I found the coconut oil, the olive oil, and the shortening at the grocery store.  They lye is another name for sodium hydroxide.  I bought Roebic Crystal Drain Opener (100% sodium hydroxide) at Lowes home improvement store.

I should admit that I ran out of coconut oil and ended up substituting 10 ounces with additional olive oil.  (This may have been a very bad substitution…read more about it here).

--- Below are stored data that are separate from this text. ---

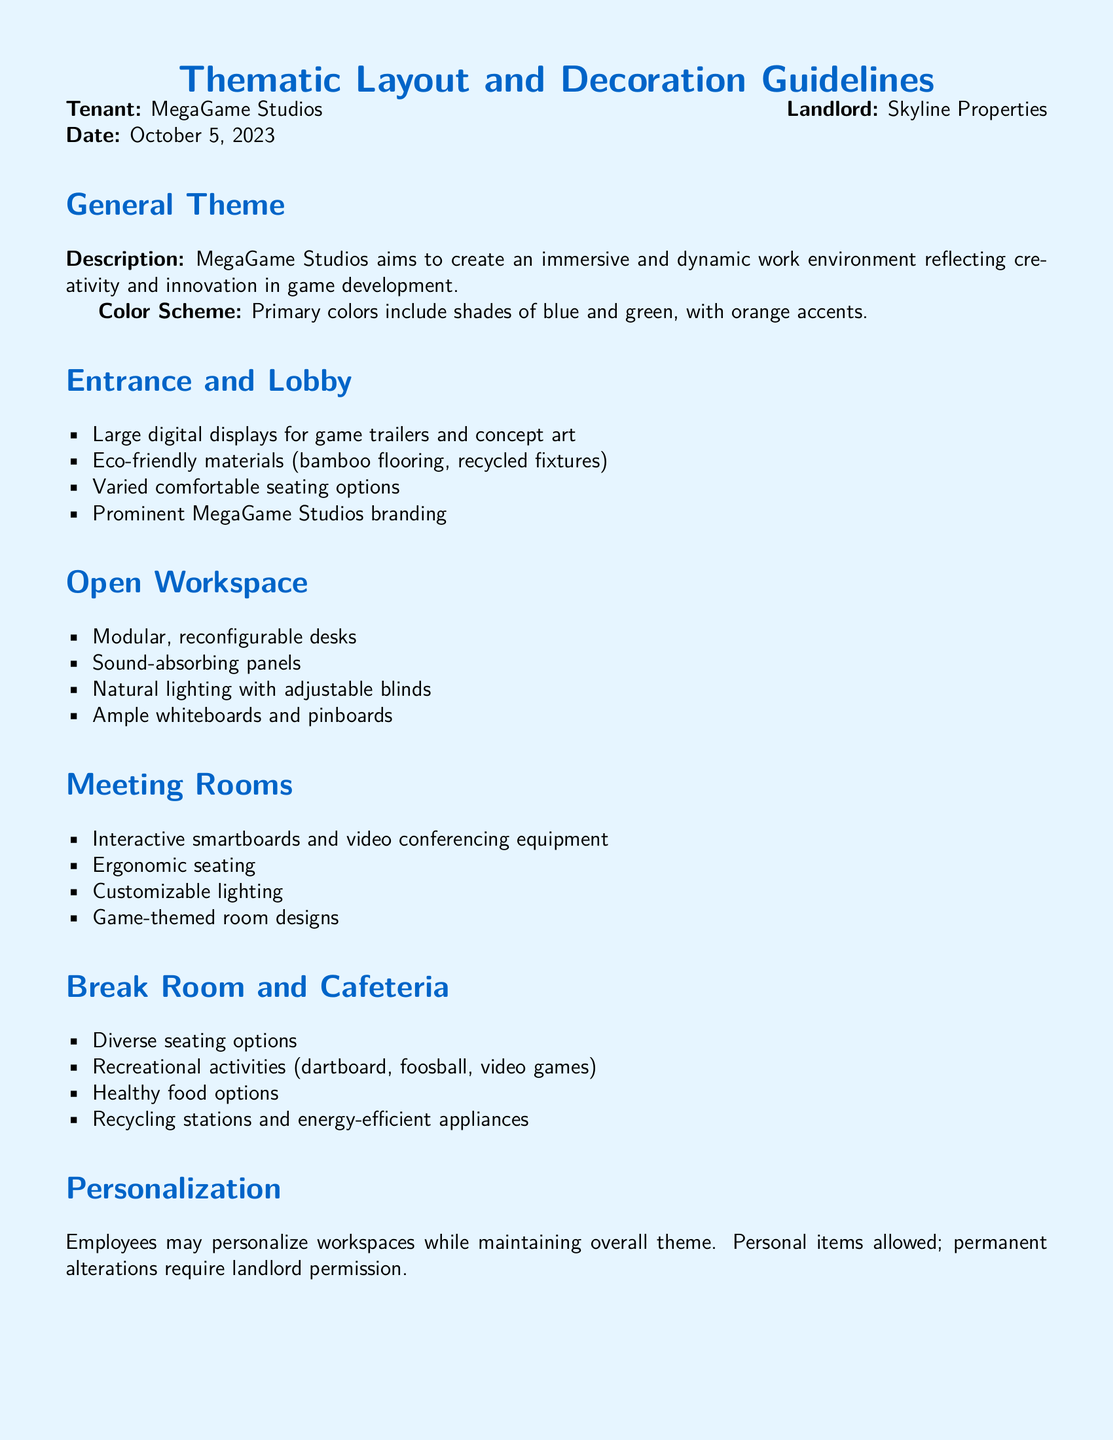What is the name of the tenant? The tenant is identified in the document as MegaGame Studios.
Answer: MegaGame Studios What is the primary color scheme? The document specifies that the primary colors include shades of blue and green, with orange accents.
Answer: Blue, green, orange What kind of flooring is mentioned for the entrance and lobby? The guidelines state that eco-friendly materials should be used, specifically mentioning bamboo flooring.
Answer: Bamboo flooring Who is responsible for daily upkeep? The document outlines the responsibilities for maintenance, indicating that the tenant is responsible for daily upkeep.
Answer: Tenant What type of seating is mentioned for the meeting rooms? The document mentions ergonomic seating as a requirement for the meeting rooms.
Answer: Ergonomic seating What kind of materials should be used in the break room? The break room guidelines include the use of recycling stations and energy-efficient appliances as part of its thematic elements.
Answer: Recycling stations, energy-efficient appliances What are employees allowed to do with their workspaces? The document states that employees may personalize their workspaces while maintaining the overall theme.
Answer: Personalize workspaces How many types of displays are recommended for the entrance? The guidelines suggest the use of large digital displays, indicating a singular type of display format for the entrance and lobby area.
Answer: One type of display What is one feature of the open workspace? The open workspace is characterized by modular, reconfigurable desks according to the guidelines.
Answer: Modular desks

I used a kitchen scale  that I found at Walmart for $5 to weight the ingredients.  I also bought two thermometers from the local grocery store Winco for about $3.50 each.

Step 1

I measured out the water and put it in my mixing container (an empty plastic cracker bin).  I then slowly poured in the measured lye powder.  I was expecting an exciting chemical reaction, and I WAS NOT disappointed.  There was a tremendous amount of heat given off, and my plastic bin started to melt!  I was worried that the lye solution might eat a hole through the plastic.  I was mixing this outside on my deck.  Once it ate through the plastic would it eat through the composite decking?  There wasn’t much I could do, so I let science run its course.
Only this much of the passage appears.